Why does the government require CISSP or Security+ for certain jobs? While requiring people to pass a test can cause problems, I’ve seen it solve bigger problems.
Certification tests establish a baseline set of knowledge that a person filling a role has mastered. It provides a standard, repeatable, and objective third-party measure of a person’s qualifications, even if it’s possible to game the system.
Requiring certifications prevents nepotism
I won’t name names for obvious reasons, but I once worked in a government office where someone had attained a position without meeting the requirements. Her dad had connections, so she got the job. Once she got the job, she gathered dirt on people. That got her promoted.
She ended up working in an IT security office. She was not qualified for the job. One time when a system was giving a coworker trouble, she asked if he’d made sure the monitor was on. And she was very proud of herself for coming up with this suggestion. Rumor had it she hadn’t even finished high school, but there she was, in a job that required a master’s degree.
Once that agency started requiring certifications, it solved that problem. They had to move her somewhere else, since she had no hope of passing Security+, let alone CISSP or CISM.
Later in my career, I mentored a junior-level guy who was immensely talented. But he also had issues, including ethical issues. The difficulty he would have getting a security clearance should keep him out of government. I certainly hope it would. But requiring a certification provides another safety net, since the certification requires the holder to maintain a certain level of personal integrity.
But lots of smart people in security aren’t certified!
It’s true, there are people in the security field who aren’t certified. I know a guy who was the CISO of a Fortune 50 company who didn’t have any certifications at all, and he was rather proud of that fact. I also know it caused the company problems from time to time. Other companies were reluctant to do business with a company whose CISO didn’t even have Security+.
I know he doesn’t want any career advice from me, but I think he should break down and get at least one certification. Would anything on the test be news to him? I hope not. But not making your employer apologize for hiring you is always a good thing.
What does a certification prove?
Critics of certifications say that all a certification proves is that you can memorize enough facts long enough to pass a test. And a company I used to work for determined that you could become a CISSP by memorizing approximately 3,000 things. That place was a CISSP factory for a number of years, and I may have been one of their last.
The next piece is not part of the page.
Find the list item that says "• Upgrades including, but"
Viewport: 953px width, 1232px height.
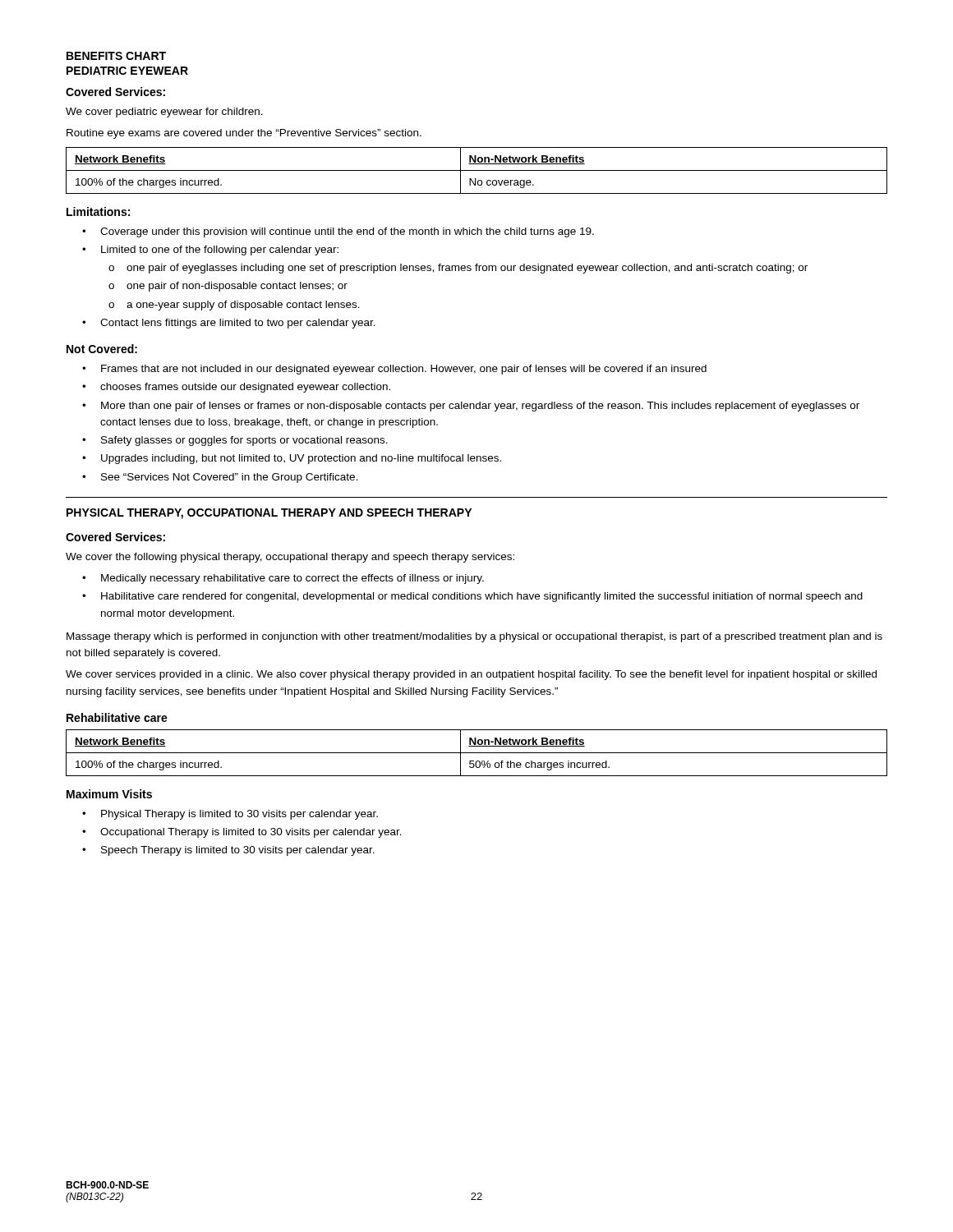pos(292,459)

But even knowing those 3,000 things, when I took the test, there were plenty of things on it that weren’t in those questions. Knowing those 3,000 things might get you 70% of the answers, but I had to draw on a decade and a half of experience to answer the rest.
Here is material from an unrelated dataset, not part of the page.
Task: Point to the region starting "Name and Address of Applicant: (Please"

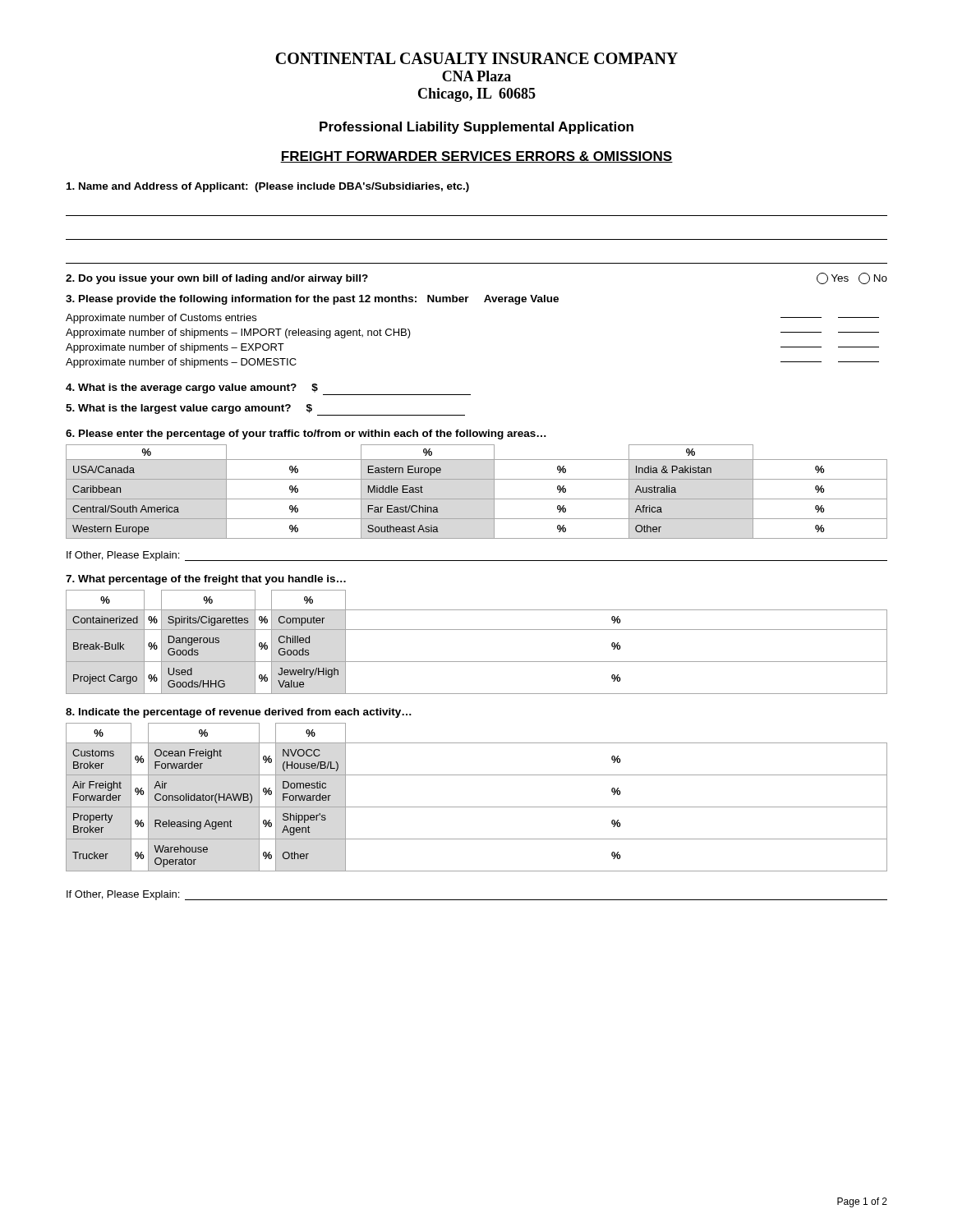Action: pyautogui.click(x=268, y=186)

A mediocre CISSP memorizes a bunch of stuff, attends a trade show or two per year and takes the quizzes in the back of the organizational magazine to fulfill the continuing education requirements.
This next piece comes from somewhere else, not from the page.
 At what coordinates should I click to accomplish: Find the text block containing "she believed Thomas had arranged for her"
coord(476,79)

Sifting out the mediocre CISSPs and hiring the good ones is what the interview process should be for. For any job opening there should be at least two qualified candidates. The interviewer’s job is to find the better of the two.
I had considerable experience when I started studying for the CISSP. But I quickly learned not all of my experience was good experience. I had to unlearn and re-learn IT management structure, and who the proper IT decisionmakers are in a company. When you interview a CISSP, you know you’re talking to a person who’s been exposed to and tested on these things.
Why the government requires CISSP or Security+, concluded
By requiring Security+ or an equivalent for jobs at a certain level and CISSP or CISM for higher level jobs, the government has some control over what they get when they fill GS roles and roles on contracts. And I’ve found in my experience that people with the same certifications frequently work well together, because they share a common understanding about the systems they’re working on.
Requiring certifications means the government turns away people it might not necessarily need to turn away. It’s a trade-off. Working for the government generally means a certain amount of stability, in exchange for making a bit less money. If you want that stability, you’re going to need to be able to play by the rules, and part of that is getting the required certification.
If you want to be lone wolf and go without a certification, there are places that will hire you. They’ll probably pay you more too, once you prove yourself.